FOURTH AMENDMENT TO LEASE

THIS FOURTH AMENDMENT TO LEASE dated February 26, 2025, is made by and between Altman Investment Company, LLC (“Landlord”) and Capricor Therapeutics, Inc. (“Lessee”).

A.WHEREAS, Landlord and Lessee entered into that certain Lease Agreement (the “Original Lease”) dated for reference purposes July 16, 2021, for the lease of a portion of the ground floor of the Building located at 10865 Road to the Cure, Ste. 150, San Diego, California 92121, consisting of 9,396 rentable square feet (the “Original Premises”). Under the terms of the Original Lease, Lessee’s share of the Common Area Operating Expenses was [***]%.

B.WHEREAS, Landlord and Lessee entered into an amendment to the Original Lease dated June 8, 2022 (the “First Amendment”) pursuant to which the rentable square footage of the Original Premises was increased from 9,396 to 9,485 square feet and the Base Rent was increased to $49,322 per month effective July 1, 2022.1

C.WHEREAS, Landlord and Lessee entered into a second Amendment to the Original Lease dated September 8, 2022 (the “Second Amendment”) pursuant to which the rentable square footage of the Original Premises was increased from 9,485 square feet to 9,605 square feet and the Base Rent was increased to $51,444 per month plus the annual increase pursuant to the Original Lease.

D.WHEREAS, Landlord and Lessee entered into a third Amendment to the Original Lease dated August 10, 2023 (the “Third Amendment”) pursuant to which the rentable square footage of the Original Premises was increased from 9,605 square feet to 12,161 square feet, the Base Rent was increased to $58,409 per month and Lessee’s pro rata share of Common Area Operating Expenses was increased to [***]%.

E.WHEREAS, the Parties now seek to further amend the Original Lease to, among other things, increase the square footage of the Amended Premises, increase the monthly Base Rent and increase Lessee’s share of the Common Area Operating Expenses. The Original Lease as modified by the First, Second, Third Amendments thereto, shall hereafter be referred to as the “Third Amended Lease”.

F.WHEREAS, within thirty days of mutual execution of this Fourth Amendment, Landlord and Lessee shall mutually agree upon an architect with experience in measuring usable and rentable square footage to determine the actual square footage of the spaces included in each of the amendments to the Original Lease, as shown in Exhibit 1, attached hereto, and shall provide exhibits to each amendment including detailed floor plans and square footages. If necessary, modifications to the amendments will be made upon receipt of a report from the architect containing such information (the “Architect’s Report”).

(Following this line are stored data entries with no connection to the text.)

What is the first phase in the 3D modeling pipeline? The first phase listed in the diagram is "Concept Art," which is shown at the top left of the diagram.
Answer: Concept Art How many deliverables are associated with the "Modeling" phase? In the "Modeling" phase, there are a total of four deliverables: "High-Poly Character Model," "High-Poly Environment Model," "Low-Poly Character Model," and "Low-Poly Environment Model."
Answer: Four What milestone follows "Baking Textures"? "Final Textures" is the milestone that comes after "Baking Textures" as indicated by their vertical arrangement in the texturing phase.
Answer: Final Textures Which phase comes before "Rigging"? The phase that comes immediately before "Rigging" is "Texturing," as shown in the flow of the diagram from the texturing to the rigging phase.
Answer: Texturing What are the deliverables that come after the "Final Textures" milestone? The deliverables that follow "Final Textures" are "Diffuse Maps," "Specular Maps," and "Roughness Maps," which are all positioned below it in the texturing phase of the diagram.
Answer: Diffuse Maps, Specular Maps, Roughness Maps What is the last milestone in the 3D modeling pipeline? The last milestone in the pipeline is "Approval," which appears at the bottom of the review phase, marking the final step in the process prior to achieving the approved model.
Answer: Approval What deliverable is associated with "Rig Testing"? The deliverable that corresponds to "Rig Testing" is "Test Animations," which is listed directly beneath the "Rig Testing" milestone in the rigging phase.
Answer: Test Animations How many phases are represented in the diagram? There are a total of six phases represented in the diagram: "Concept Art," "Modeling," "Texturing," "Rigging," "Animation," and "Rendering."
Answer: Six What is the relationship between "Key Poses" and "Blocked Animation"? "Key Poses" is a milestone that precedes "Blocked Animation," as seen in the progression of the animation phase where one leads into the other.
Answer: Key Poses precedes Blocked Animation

G.WHEREAS, any terms set forth herein that are capitalized, but not defined herein, shall have the same meaning as set forth in the Original Lease, as amended hereby.

NOW, THEREFORE, for good and valuable consideration, the receipt and sufficiency of which are hereby acknowledged, the Parties agree that the Third Amended Lease shall be modified by this Fourth Amendment in the following particulars only:

1.Premises:

Section 1.2(a) of the Third Amended Lease shall be further amended to include the entire 2nd floor of the Building comprised of approximately 21,987 rentable square feet (the “Expansion Premises”), to be verified by a mutually agreed upon space plan which shall be attached as an exhibit to this Fourth Amendment. Upon the Commencement Date for the Expansion Premises, the term “Amended Premises” shall refer collectively to the Premises described in the Third Amended Lease and the Expansion Premises comprising a total of 34,348 rentable square feet.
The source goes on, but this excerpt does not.